The next screen will let you tryout your search engine. If the results are what you expected, you press on the “Finish” button and you are done. Your search engine is ready. A list with all your search engines will be displayed and you can visit it by just clicking on it’s name.
Some Custom Search Engines Worth Visiting
Here is a list of some neat engines we found and one that we created for you:
- WordPress Plugin Repository – Searches wordpress.org plugin repository, for lack of a proper search engine
- Wordpress Search – Search for sites relevant to wordpress development and deployment.
- Drupal Developer Search Engine – Search engine for Drupal developers to search many Drupal related sites.
- Search Drupal Modules – Ever had trouble finding that Drupal module you know just has to exist? Someone must have already created it… well now you can find it!
- Twitter Search – A Twitter Search Engine.
- Java Search Engine – Java Programmers and Technical Search.
- JSLSE - Our custom search engine. This one searches more than 10 JavaScript Libraries sites.
Beyond Simple CSEs
After your custom search engine creation, you can use various tools to personalize your search engine. For example you can change it’s look and feel, add annotations, link the search engine to your Adsense account and earn money, promote some sites to appear higher than the others based on specific queries, refine the results and you can also invite up to 100 friends to contribute to your search engine. There are usage statistics provided for your CSE too.
If you invite someone to contribute, he/she will be able to add refinements to your CSE and use the Google Marker bookmarklet which allows the user to add refinements and labels to pages. You will also be able to use their refinements too.

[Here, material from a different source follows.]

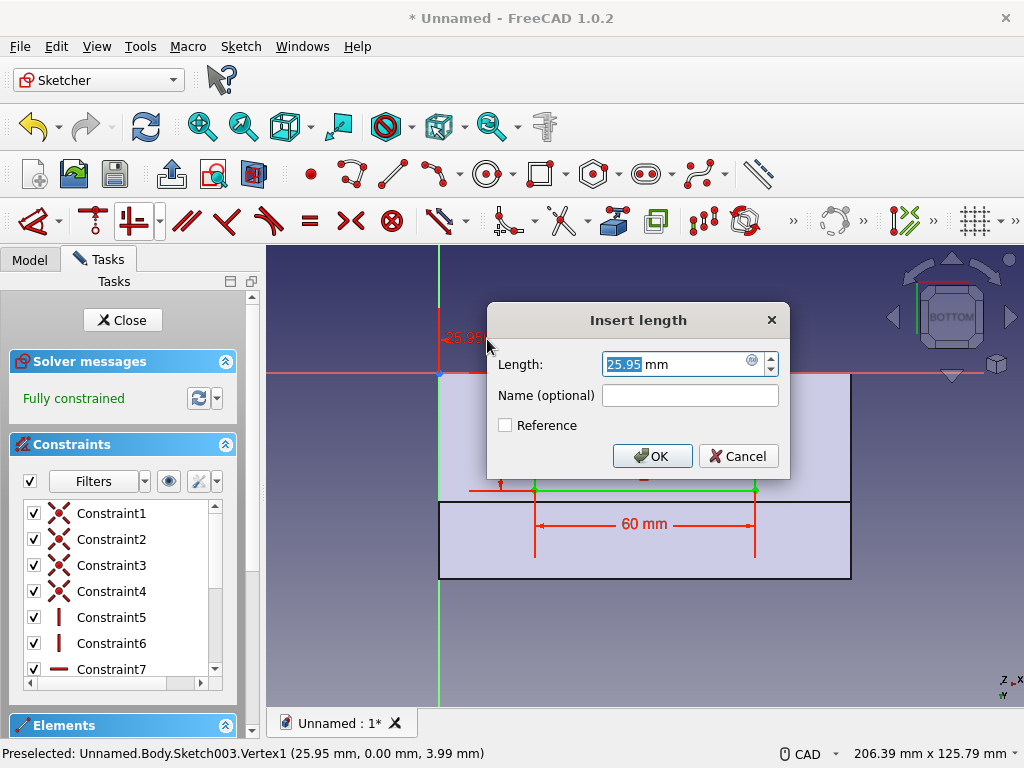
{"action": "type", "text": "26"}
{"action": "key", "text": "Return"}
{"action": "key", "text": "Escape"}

The Control Panel is a great way to customize your CSEs but if you want to go further, you should learn how to use the XML or TSV custom search format.
Defining CSE Specifications
A basic specifications file looks like this:
<CustomSearchEngine volunteers="false" keywords="climate "global warming" "greenhouse gases"" language="en" visible="false" encoding="UTF-8"> <Title>RealClimate</Title> <Description>Science behind global warming and climate change.</Description> <Context> <BackgroundLabels> <Label name="_cse_hwbuiarvsbo" mode="FILTER"/> <Label name="_cse_exclude_hwbuiarvsbo" mode="ELIMINATE"/> </BackgroundLabels> </Context> <LookAndFeel nonprofit="false"/> </CustomSearchEngine>
and includes the following elements:
- CustomSearchEngine
- Title
- Description
- Context
- BackgroundLabels
- Label
- BackgroundLabels
- LookAndFeel
There are also some optional elements that you can use between the Context element. These are:
- SubscribedLinks
Enables subscribed links in your search results page. Subscribed links is a form of special results that you create for a set of pre-defined queries. It is a way to directly answer your users’ questions in the results page. - AdSense
Associates the search engine with your AdSense account. Make money with your custom search engine by connecting it with your Google AdSense account. - Enterprise Account
If you upgraded to Google Site Search, it lists your contact information. You can change the attribute values to update your information.

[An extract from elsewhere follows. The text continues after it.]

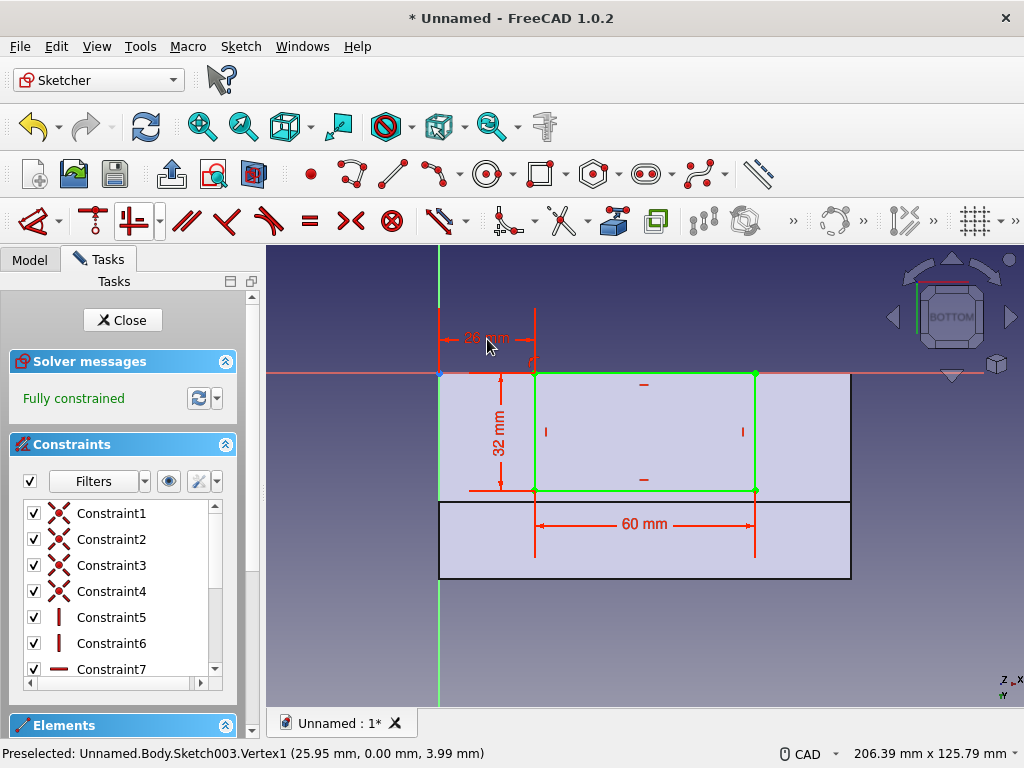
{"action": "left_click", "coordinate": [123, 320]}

Selecting Sites to Search With XML
If you want to create a simple CSE with 2 – 10 sites’s results included, then the Control Panel is what you are looking for. But, if you want to use more than 50 or 100 sites in your search engine, then the best thing to do is to list all sites in a file and upload it. You can create annotations files using 3 formats:
- OPML – Outline Processor Markup Language
- TSV – Tab Separated Values
- XML
The most powerful but also the most complex format is XML. You can do anything that the CSE API allows you to do with this format. TSV is easier but with some restrictions on features and OPML is the easiest format to use since it allows you to use already made annotations files but you have less features from the other 2 formats.
The OPML Format
OPML is a type of XML format that was originally developed for defining ordered lists of elements or outlines, but it is now also commonly used for web feeds. If you have OPML files from some feed aggregators, you can upload the OPML file without bothering with typing each site. Custom Search grabs the value of the OPML attribute htmlUrl and adds it to the list of sites to search. You can upload multiple OPML files for each of your search engines.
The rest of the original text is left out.